How do changes in cell signalling contribute to aging?

Answer 31

• Aging is linked to changes in inflammation, hormonal levels, and decreased immune system function.
• Senescent cells, which cease dividing at the end of their lifespan, can induce neighbouring cells to undergo senescence through a process known as the bystander effect.
• Communication between senescent cells and neighbouring cells occurs via gap junctions.
• Modulation of signalling pathways or mitigation of chronic inflammation may offer promising approaches to slow down the aging process.

Question 32

What is cellular senescence?

Answer 32

• Senescence involves a permanent halt in the cell cycle in response to DNA damage, preventing the proliferation of dysfunctional cells.
• The immune system efficiently eliminates senescent cells, preventing cancer or aging progression, and stem cells replace removed cells.
• In aging, senescence still occurs, but reduced stem cell activity hinders effective replacement of removed cells.
• This increased demand for replacement cells may overwhelm stem cell capacity.
• Senescent cells also secrete pro-inflammatory cytokines, potentially contributing to aging processes.

Question 33

What are biochemical hallmarks?

Answer 33

Biochemical hallmarks relate to cellular changes in metabolism or biochemistry, which over time may contribute to cell damage and dysfunction, leading to aging.

Question 34

What are the biochemical hallmarks?

Answer 34

• Impaired mitochondrial function
• Impaired proteostasis
• Impaired nutrient sensing

Question 35

What is impaired mitochondrial function?

Answer 35

• Aging is associated with reduced efficiency of the respiratory chain, resulting in decreased energy availability for cellular processes.
• Age-related mitochondrial dysfunction leads to increased production of reactive oxygen species (ROS), which can damage cellular macromolecules.
• Accumulation of mutations in mitochondrial DNA (mtDNA) may impair bioenergetics, further decreasing cellular processes and contributing to aging.
• With age, mitochondria may become permeabilized (“leaky”), triggering apoptosis (cell death) and inflammation.

Question 36

How is impaired proteostasis linked to aging?

Answer 36

• Proteostasis controls the normal folding and maintenance of proteins in their folded state through chaperone (heat shock protein) activity).
• Normally, unfolded proteins are targeted for autophagy, or breakdown by the proteosome.
• However, persistence of unfolded proteins leads to their aggregation, disrupting normal cell function, a situation associated with numerous age-related disorders (e.g.

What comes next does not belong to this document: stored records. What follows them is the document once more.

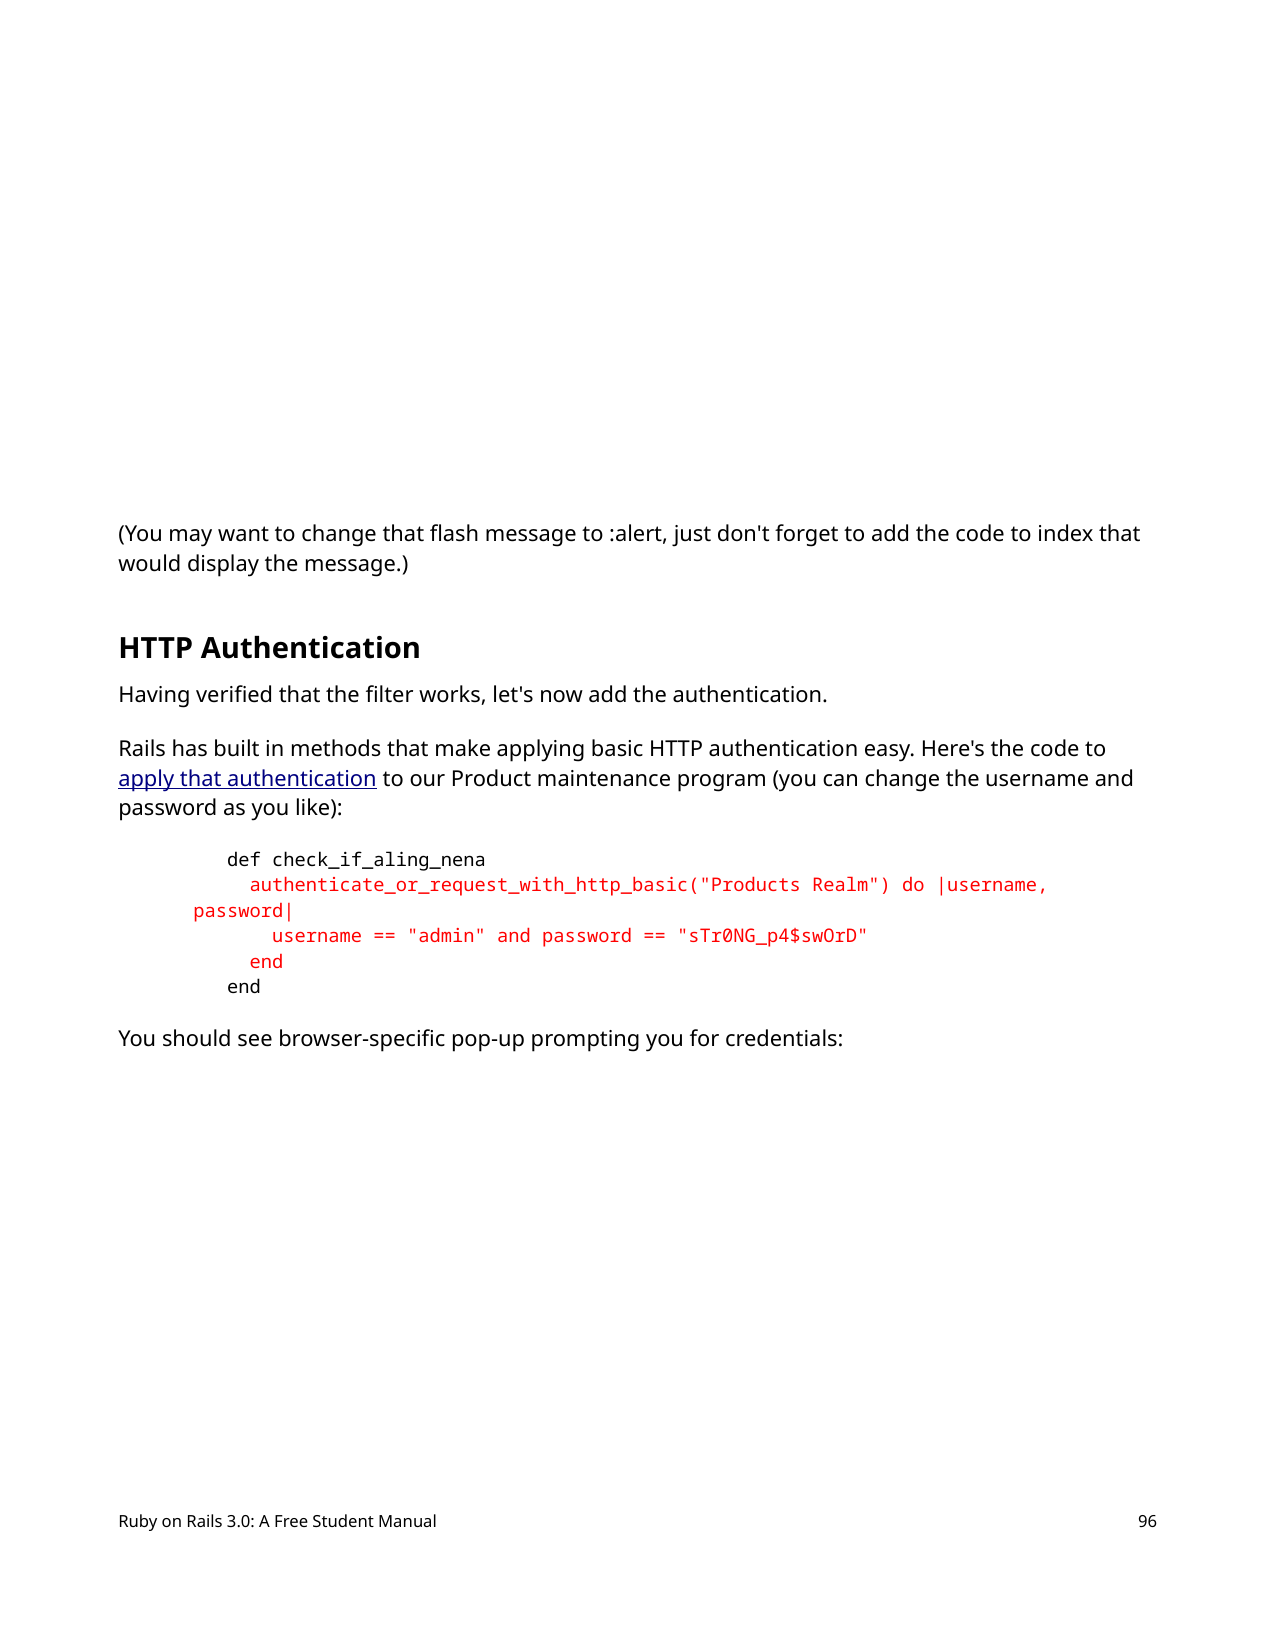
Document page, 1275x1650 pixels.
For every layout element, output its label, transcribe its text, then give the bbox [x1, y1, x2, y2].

text Having verified that the filter works, let's now add the authentication. [118, 679, 1157, 709]
text Rails has built in methods that make applying basic HTTP authentication easy. Here's the code to apply that authentication to our Product maintenance program (you can change the username and password as you like): [118, 733, 1157, 822]
text def check_if_aling_nena authenticate_or_request_with_http_basic("Products Realm") do |username, password| username == "admin" and password == "sTr0NG_p4$swOrD" end end [193, 846, 1157, 999]
text (You may want to change that flash message to :alert, just don't forget to add the code to index that would display the message.) [118, 518, 1157, 578]
subtitle HTTP Authentication [118, 627, 1157, 667]
text You should see browser-specific pop-up prompting you for credentials: [118, 1023, 1157, 1053]
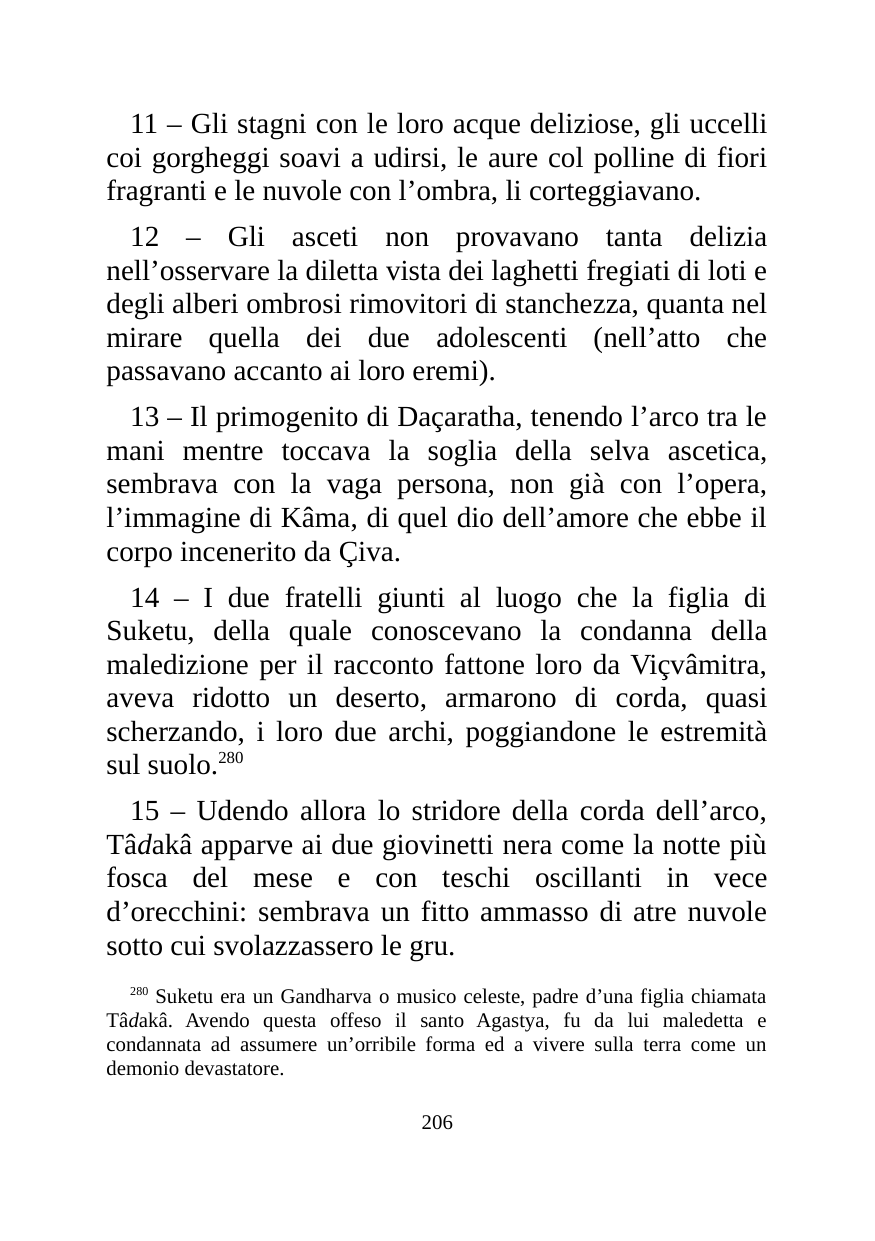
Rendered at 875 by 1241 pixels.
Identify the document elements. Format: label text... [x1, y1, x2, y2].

text 11 – Gli stagni con le loro acque deliziose, gli uccelli coi gorgheggi soavi a udirsi, le aure col polline di fiori fragranti e le nuvole con l’ombra, li corteggiavano. [106, 106, 768, 207]
text 15 – Udendo allora lo stridore della corda dell’arco, Tâdakâ apparve ai due giovinetti nera come la notte più fosca del mese e con teschi oscillanti in vece d’orecchini: sembrava un fitto ammasso di atre nuvole sotto cui svolazzassero le gru. [106, 793, 768, 961]
text 12 – Gli asceti non provavano tanta delizia nell’osservare la diletta vista dei laghetti fregiati di loti e degli alberi ombrosi rimovitori di stanchezza, quanta nel mirare quella dei due adolescenti (nell’atto che passavano accanto ai loro eremi). [106, 219, 768, 387]
text 13 – Il primogenito di Daçaratha, tenendo l’arco tra le mani mentre toccava la soglia della selva ascetica, sembrava con la vaga persona, non già con l’opera, l’immagine di Kâma, di quel dio dell’amore che ebbe il corpo incenerito da Çiva. [106, 399, 768, 567]
text 14 – I due fratelli giunti al luogo che la figlia di Suketu, della quale conoscevano la condanna della maledizione per il racconto fattone loro da Viçvâmitra, aveva ridotto un deserto, armarono di corda, quasi scherzando, i loro due archi, poggiandone le estremità sul suolo. [106, 580, 768, 781]
text Suketu era un Gandharva o musico celeste, padre d’una figlia chiamata Tâdakâ. Avendo questa offeso il santo Agastya, fu da lui maledetta e condannata ad assumere un’orribile forma ed a vivere sulla terra come un demonio devastatore. [106, 984, 768, 1080]

Alzheimers, Parkinsons).

Question 37

How is impaired nutrient sensing related to aging?

Answer 37

Mutations that impair the function of the activity of the Growth Hormone (GH) – Insulin-Like Growth Factor I (IGFI) pathway are associated with increased lifespan and healthy aging in model organisms, although very low levels of GH-IGFI signalling are incompatible with life. In parallel, dietary restriction has been shown to extend lifespan in model organisms, through the AMPK pathway.

Question 38

What is the information theory of aging?

Answer 38

New theory that suggests that acquisition of epimutations (harmful epigenetic changes) over the life-course leads to aging through loss of ‘youthful epigenetic information’.

Question 39

Why is identifying the hallmarks of aging useful?

Answer 39

Identifying the hallmarks of aging provides targets for anti-aging research. If the hallmarks of aging are causative, then developing therapeutics that target one or multiple hallmarks may help slow the aging process/increase longevity.